Boundaries: 6 Tips for Understanding and Establishing Healthy Personal Limits

Have you ever wondered why many of your relationships just seem…frustrating. Like people are always pulling you in a million directions and it just feels so…overwhelming. Maybe you’ve even thought, “I never have the time or energy to invest in myself because I’m always giving to others.” And next comes the resentment and that stuck feeling. If you’ve ever been in this boat, or maybe you’re there now, welcome. I have a few bits of advice that might be helpful!

Ok, so let’s talk about something called boundaries. I’ll admit, this topic does seem to be a pretty hot topic these days- especially on social media forums. Maybe you’ve seen it too. If you have heard about it, maybe you’ve gotten some conflicting messages about it, and it’s hard to make sense of it all. Maybe a good place to start is to first discuss what boundaries are  not.

1.        First, boundaries are not about controlling other people. Boundaries are all about you, and they are for you. It’s all about what YOU will and won’t do. It’s about you protecting you. For example, suppose someone says or does something that feels very uncomfortable or even harmful to you. The focus is really not on what that person did, but how you are going to respond to that thing to protect yourself.

2.        Next, I want you to think of boundaries as a boundary line, similar to that of a property line on a map. Property lines contain something, right? Now imagine that you are surrounded by an imaginary boundary line all around you, protecting your most valuable assets...YOU!

3.        This “property line” is valuable because it helps others understand what is acceptable and unacceptable to you in terms of your energy, time, physical and emotional space, etc. People can knowingly and unknowingly cross your personal property line, and it’s up to you to let them know and then uphold the boundary. So be clear in your own mind first concerning what does and does not work for you.

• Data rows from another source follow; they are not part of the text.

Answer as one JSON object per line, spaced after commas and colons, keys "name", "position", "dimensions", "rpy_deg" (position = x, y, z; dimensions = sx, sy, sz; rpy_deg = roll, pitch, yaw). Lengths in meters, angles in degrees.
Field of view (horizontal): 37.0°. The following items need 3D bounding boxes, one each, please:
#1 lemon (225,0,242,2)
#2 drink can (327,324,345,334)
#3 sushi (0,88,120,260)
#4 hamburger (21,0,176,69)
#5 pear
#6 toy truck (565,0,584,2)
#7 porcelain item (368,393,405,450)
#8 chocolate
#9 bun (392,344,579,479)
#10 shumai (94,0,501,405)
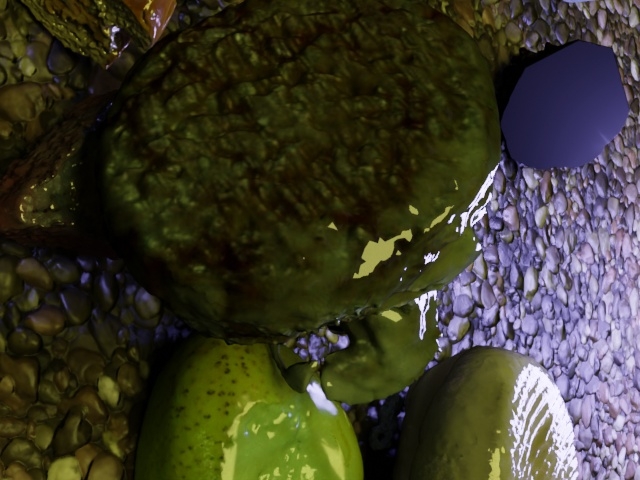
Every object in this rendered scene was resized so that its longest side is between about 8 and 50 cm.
{"name": "lemon", "position": [-0.112, -0.391, 1.059], "dimensions": [0.184, 0.184, 0.249], "rpy_deg": [-19, 100, -44]}
{"name": "drink can", "position": [0.000, 0.000, 1.192], "dimensions": [0.097, 0.097, 0.235], "rpy_deg": [-44, 117, -37]}
{"name": "sushi", "position": [-0.225, -0.040, 0.956], "dimensions": [0.161, 0.107, 0.241], "rpy_deg": [60, 37, -29]}
{"name": "hamburger", "position": [-0.245, -0.326, 0.948], "dimensions": [0.283, 0.144, 0.157], "rpy_deg": [51, 54, -26]}
{"name": "pear", "position": [-0.072, 0.213, 1.063], "dimensions": [0.292, 0.159, 0.293], "rpy_deg": [8, 79, -42]}
{"name": "toy truck", "position": [0.406, -0.505, 1.631], "dimensions": [0.256, 0.108, 0.140], "rpy_deg": [35, 76, -35]}
{"name": "porcelain item", "position": [0.090, 0.249, 1.306], "dimensions": [0.036, 0.028, 0.083], "rpy_deg": [35, 63, -18]}
{"name": "chocolate", "position": [0.363, -0.242, 1.565], "dimensions": [0.224, 0.206, 0.177], "rpy_deg": [60, 6, -35]}
{"name": "bun", "position": [0.210, 0.315, 1.277], "dimensions": [0.365, 0.219, 0.365], "rpy_deg": [20, 67, -56]}
{"name": "shumai", "position": [-0.008, -0.034, 0.964], "dimensions": [0.348, 0.395, 0.395], "rpy_deg": [82, 29, -60]}
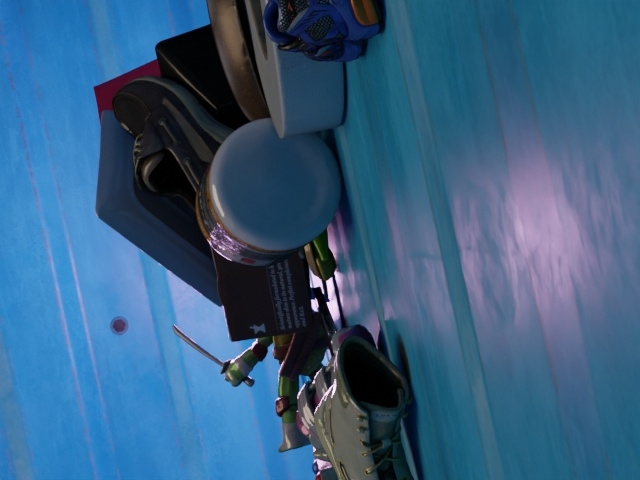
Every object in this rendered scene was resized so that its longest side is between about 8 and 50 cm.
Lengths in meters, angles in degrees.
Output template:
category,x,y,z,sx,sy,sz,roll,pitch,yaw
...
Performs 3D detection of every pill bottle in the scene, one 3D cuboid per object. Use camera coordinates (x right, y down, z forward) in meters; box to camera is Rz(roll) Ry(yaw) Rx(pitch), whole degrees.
category,x,y,z,sx,sy,sz,roll,pitch,yaw
pill bottle,-0.075,-0.051,1.581,0.278,0.162,0.162,145,113,-76

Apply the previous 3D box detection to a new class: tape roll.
category,x,y,z,sx,sy,sz,roll,pitch,yaw
tape roll,-0.049,-0.308,1.352,0.392,0.072,0.392,169,90,-86

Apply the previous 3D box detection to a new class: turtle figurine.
category,x,y,z,sx,sy,sz,roll,pitch,yaw
turtle figurine,-0.059,0.217,2.092,0.198,0.274,0.266,-1,-108,-60

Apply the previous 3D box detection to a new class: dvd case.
category,x,y,z,sx,sy,sz,roll,pitch,yaw
dvd case,0.033,0.200,1.894,0.164,0.018,0.221,-113,7,-66

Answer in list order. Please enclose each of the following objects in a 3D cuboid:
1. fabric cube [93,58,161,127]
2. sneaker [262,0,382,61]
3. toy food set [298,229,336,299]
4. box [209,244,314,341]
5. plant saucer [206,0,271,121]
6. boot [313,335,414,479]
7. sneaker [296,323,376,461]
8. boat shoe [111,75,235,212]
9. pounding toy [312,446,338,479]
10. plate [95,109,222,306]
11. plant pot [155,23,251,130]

4.        Communication is key. Communicating your personal boundaries to others in a clear and direct way will involve a certain amount of assertiveness on your part. I want to pause here and recognize that this can be uncomfortable for some…especially if this wasn’t exactly modeled to you growing up. In this case, it may be useful for you to seek the help of a trusted therapist who can encourage you with validation and teach you self-compassion as you navigate these uncharted waters.

5.        I want you to understand you cannot control how others receive your information concerning your personal boundaries. Some people may react in a disapproving way. Some may be open to hearing more. Seeing people’s reactions to your boundary setting is good information to take note of- especially if you notice a pattern of unwanted and invalidating behavior.

6.        Here’s the good news: the more you set healthy boundaries in friendships, with family, in the workplace, with your partner, etc. and push through the uncomfortableness, the easier it all tends to get. Remember, setting healthy boundaries takes practice, as it is a skill. Setting healthy boundaries may not always be exactly “fun” in the short-term but be patient with yourself and keep your eye on the prize. Because in the long run it can yield beautiful and healthy connection with emotionally healthy folks and with yourself. And isn’t that one of the most beautiful parts of life?